I was looking into how to install Mailman 3 following the official guide 

I need to do this:-
`sudo pip3 install mailman`

??????

Does this mean anything to anyone?

FreeBSD does not understand `pip3` and there is no PKG available.


----------



## tobik@ (Aug 9, 2017)

balanga said:


> FreeBSD does not understand  pip3 and there is no PKG available.


I know nothing about Mailman, but to get `pip3` run: `python3 -m ensurepip`

https://docs.python.org/3/library/ensurepip.html


----------



## balanga (Aug 9, 2017)

tobik@ said:


> I know nothing about Mailman, but to get `pip3` run: `python3 -m ensurepip`
> 
> https://docs.python.org/3/library/ensurepip.html




Wow! That works - don't understand how...  Still working through the installation steps for Mailman 3 - I get a few errors, but can't help wondering how this could be added as a port or pkg..


----------



## SirDice (Aug 9, 2017)

I suggest just using the port/package to install it: mail/mailman. Although it's slightly older, it's still a supported version. The "problem" with PIP (and similar applications) is that they tend to install things _outside_ of the normal package registration procedures. So you won't be alerted by things like pkg-audit(8) and you can't keep track of the versions and dependencies with pkg(8).


----------



## balanga (Aug 9, 2017)

SirDice said:


> I suggest just using the port/package to install it: mail/mailman. Although it's slightly older, it's still a supported version. The "problem" with PIP (and similar applications) is that they tend to install things _outside_ of the normal package registration procedures. So you won't be alerted by things like pkg-audit(8) and you can't keep track of the versions and dependencies with pkg(8).
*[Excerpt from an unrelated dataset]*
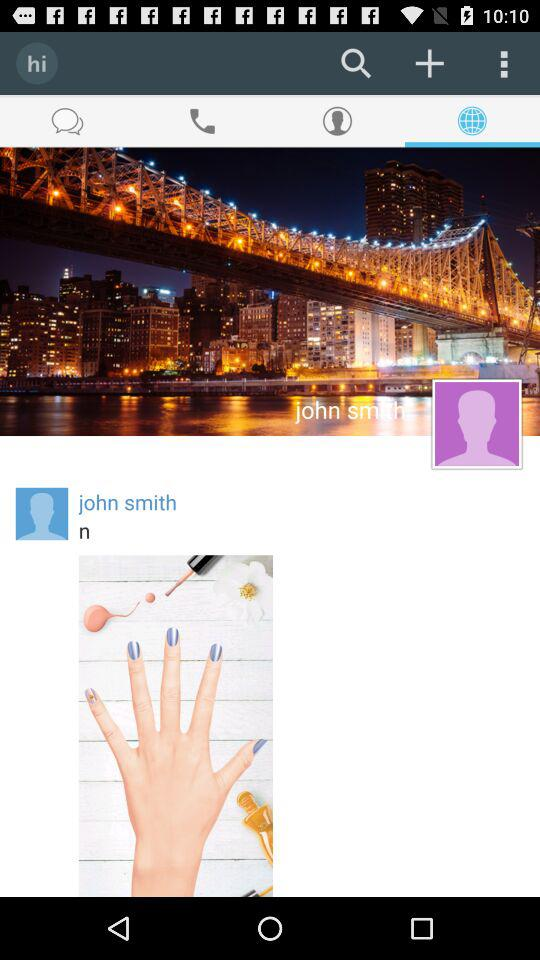What is the username? The username is "john smith". 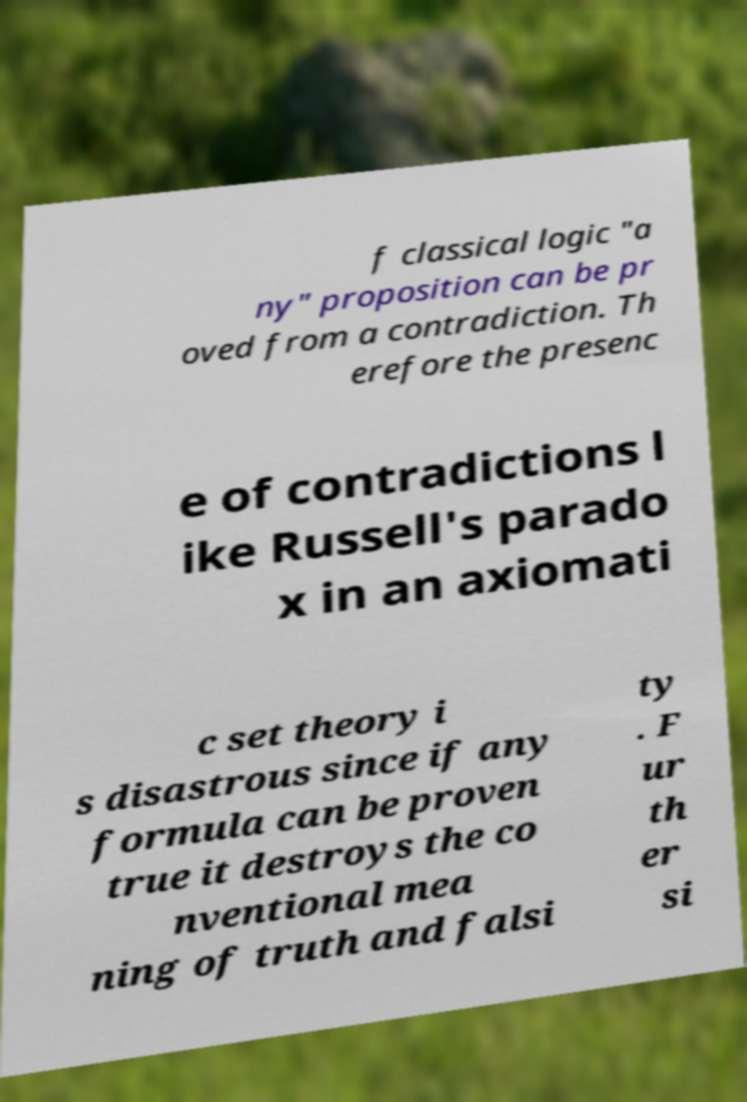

The FreeBSD supported Mailman is v2 which is almost ten years old, albeit some changes have been made. Mailman 3 is a major redesign/rewrite.


----------



## SirDice (Aug 9, 2017)

balanga said:


> The FreeBSD supported Mailman is v2 which is almost ten years old


It doesn't really matter how old it is, what's important is that it's still a supported version.

You could reach out to the maintainer and ask him if he's working on getting Mailman 3 ported.


----------